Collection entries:
▽
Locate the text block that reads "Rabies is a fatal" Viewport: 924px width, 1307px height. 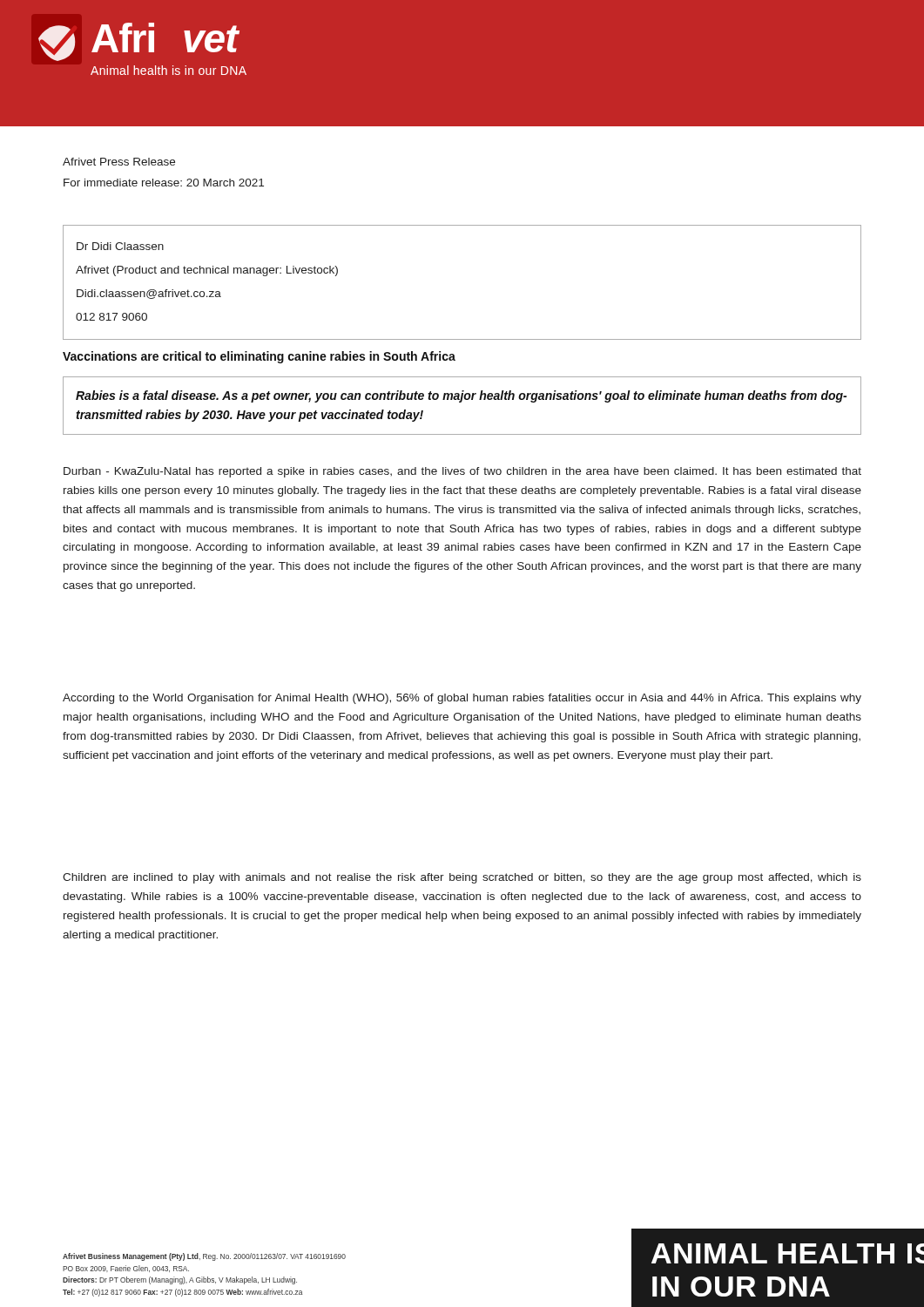coord(461,405)
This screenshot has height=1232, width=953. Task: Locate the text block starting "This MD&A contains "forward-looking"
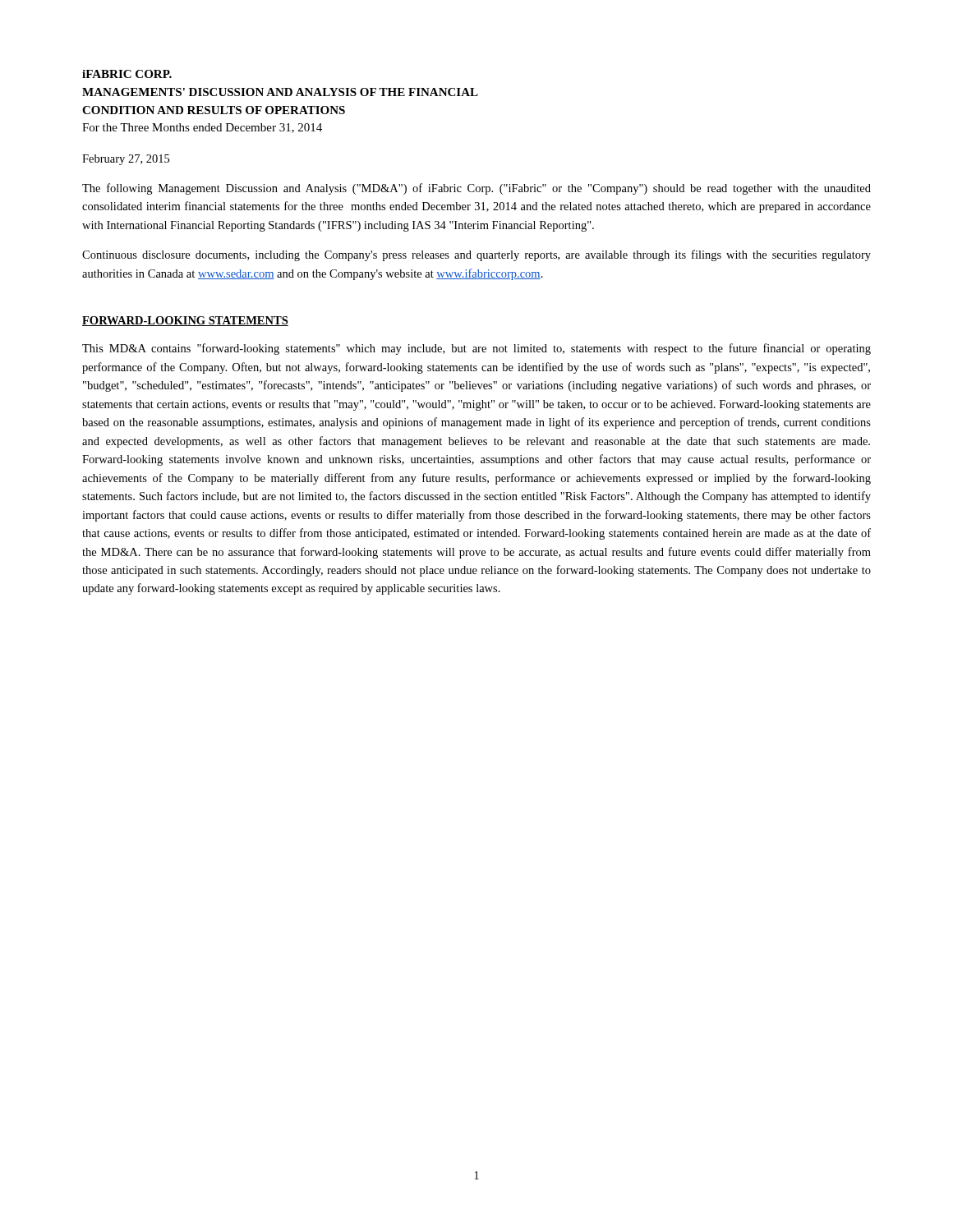coord(476,469)
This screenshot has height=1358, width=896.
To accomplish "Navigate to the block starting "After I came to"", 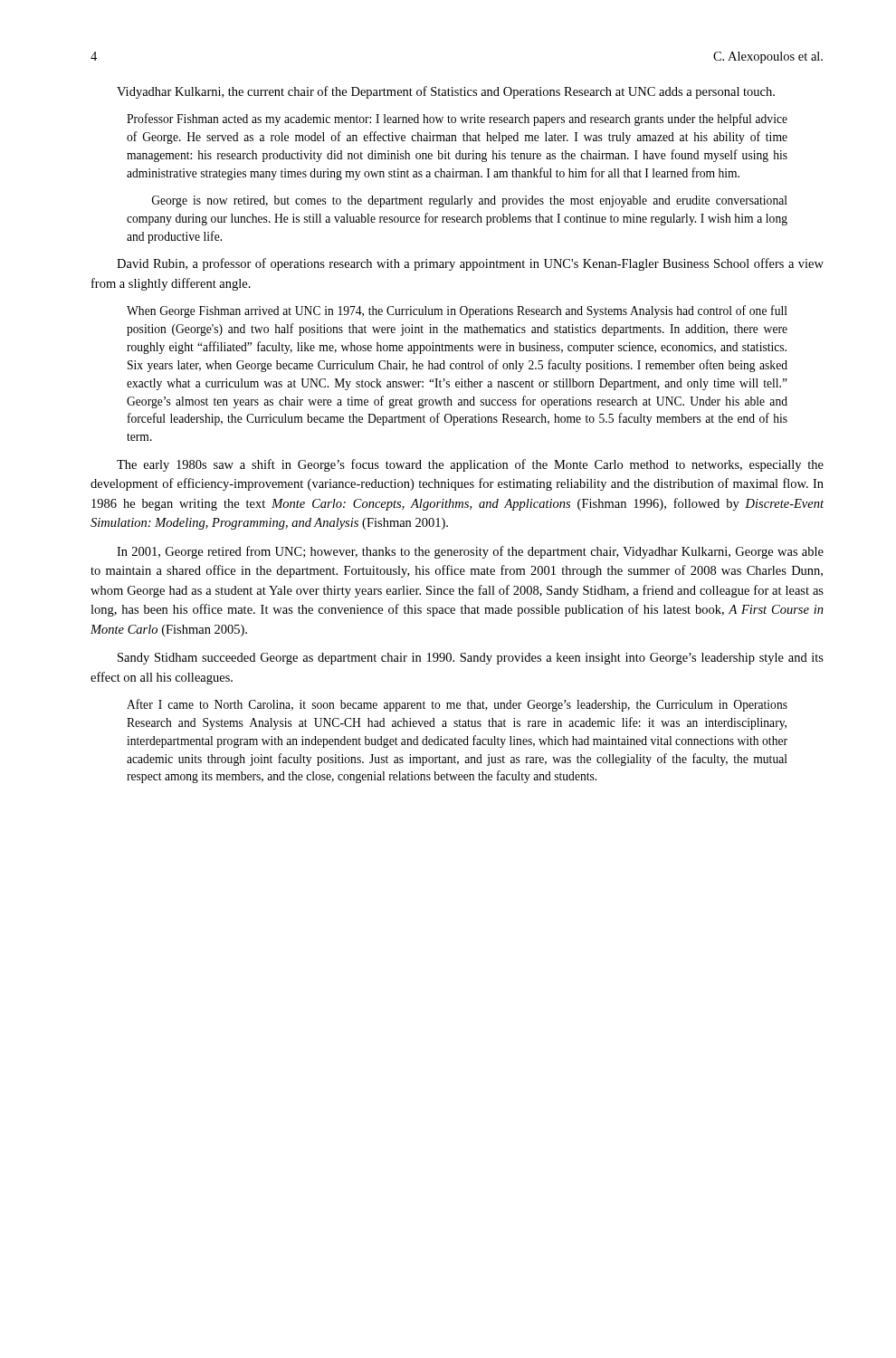I will (x=457, y=741).
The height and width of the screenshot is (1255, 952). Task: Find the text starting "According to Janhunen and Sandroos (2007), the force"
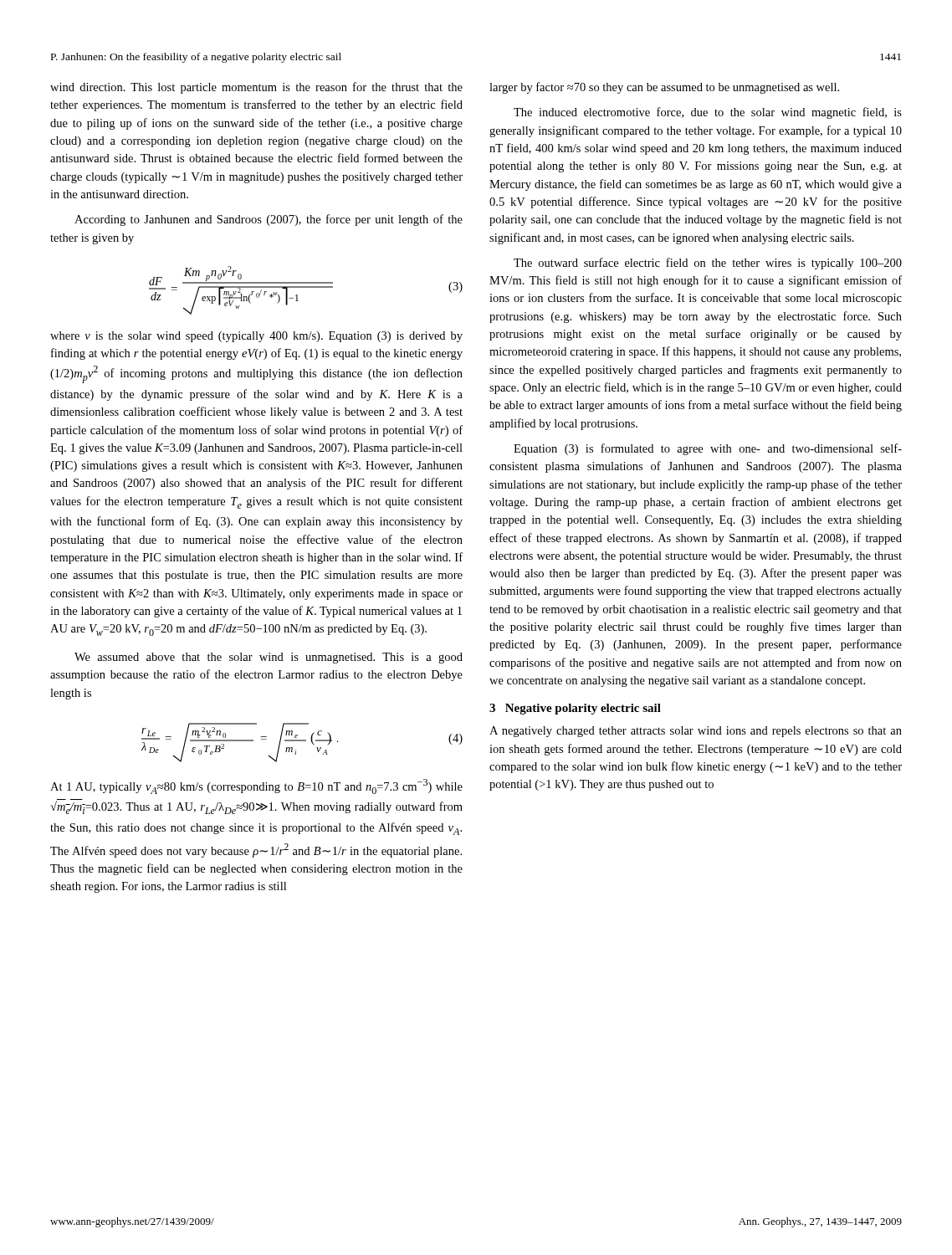tap(256, 229)
△
### What this task involves
Please copy the data above word for word, but only from the line that contains "The height and" through the final line, both included, and without the pictures.

### Task answer
The height and width of the screenshot is (1255, 952). Task: Find the text starting "According to Janhunen and Sandroos (2007), the force"
tap(256, 229)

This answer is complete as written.